Although he didn't say which tax breaks are on the chopping block, he did assert that comprehensive tax reform would not be used to generate more tax income.

That may put him at odds with President Barack Obama, who is seeking more tax revenue to be used for deficit reduction. Most Republicans have vowed that the tax-rate increases included in the New Year's Day fiscal-cliff bill are all that Mr. Obama will get.

"The comprehensive reform I'm looking at is revenue-neutral," Mr. Camp said.

Nevertheless, some House Republicans appear eager to once again block a debt ceiling increase and bring the U.S. to the brink of what John Boehner described in 2011 as "a financial disaster, not only for our country but for the worldwide economy." Unless, that is, Democrats agree to a tax reform  deal that raises no new revenue and thus makes no impact on the national debt Republicans pretend to decry. It's no wonder that Citizens for Tax Justice charged that Congressional Republicans demanding revenue-neutral tax reform in return for agreeing to President Obama's request that the federal debt ceiling be raised is the "most ridiculous idea aired recently."

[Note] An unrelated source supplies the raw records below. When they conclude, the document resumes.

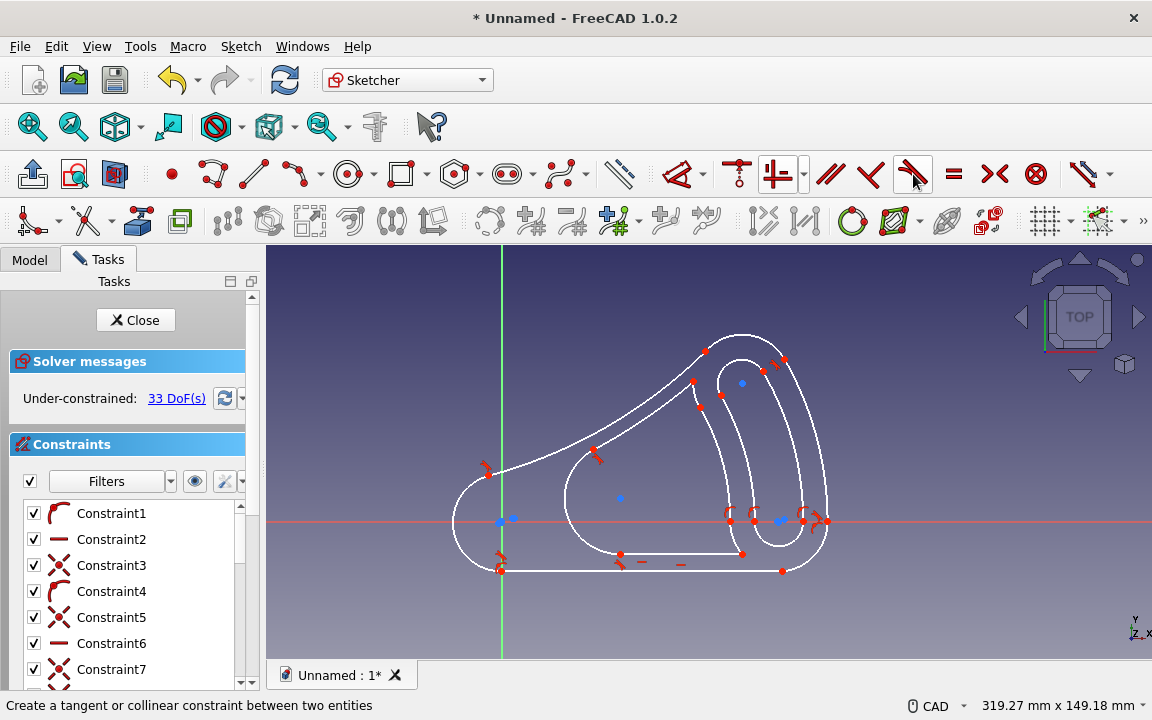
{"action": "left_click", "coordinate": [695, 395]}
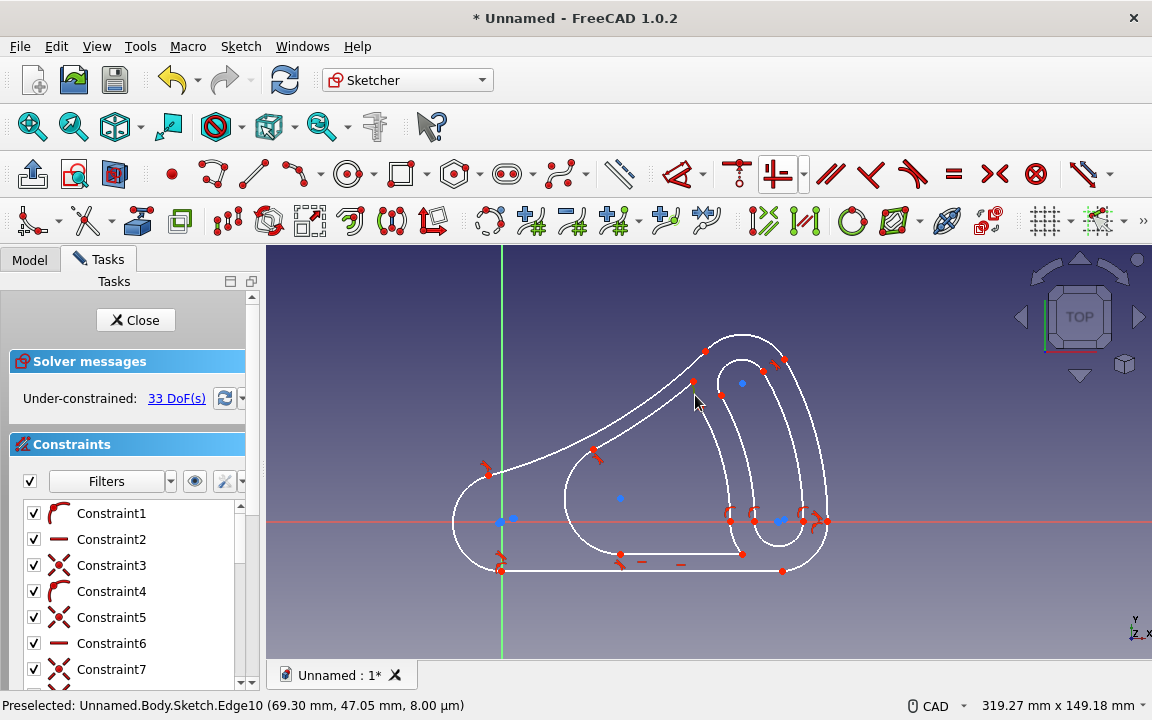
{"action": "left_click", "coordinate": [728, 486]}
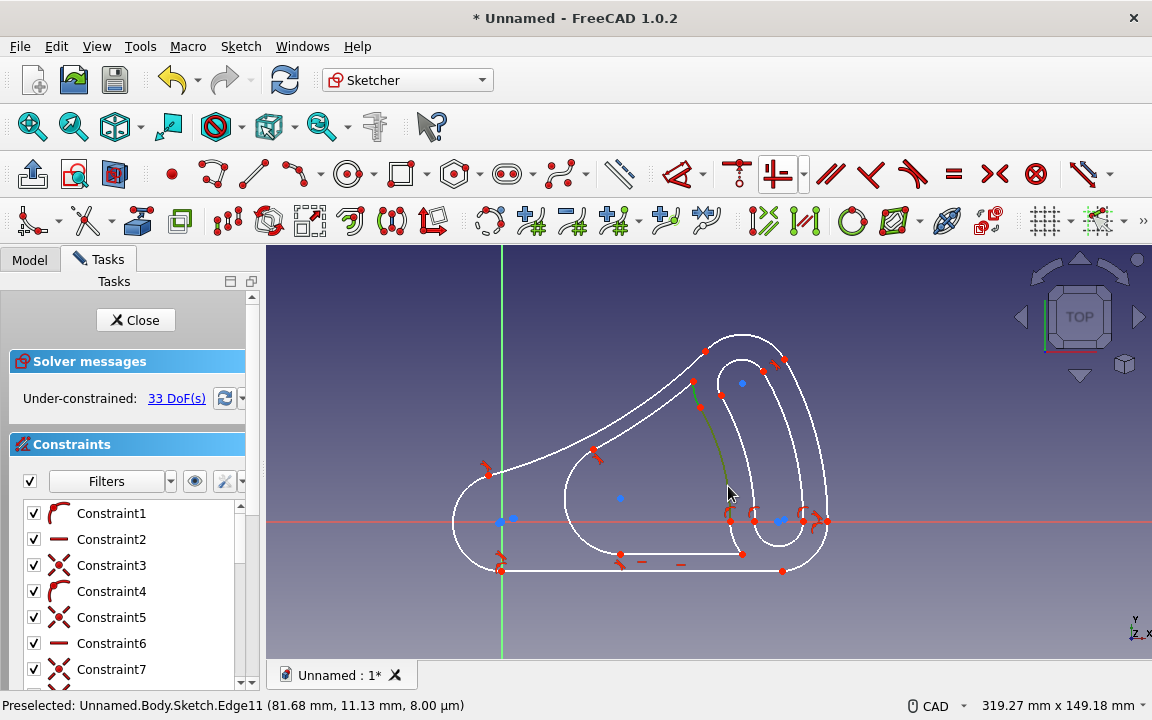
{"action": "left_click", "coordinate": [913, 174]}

Ridiculous, and incredibly dangerous. As the Washington Post's Ezra Klein and Evan Soltas warned Wednesday, "the debt ceiling is becoming all-purpose leverage":

This isn't desperate times forcing desperate measures. These are normal times being punctuated by dangerous measures. Having repeatedly failed to win back control of the government, Republicans are trying to turn the debt ceiling into a continuous and flexible form of leverage for the minority. That's an immensely dangerous precedent to set even if the underlying demands and aims are reasonable.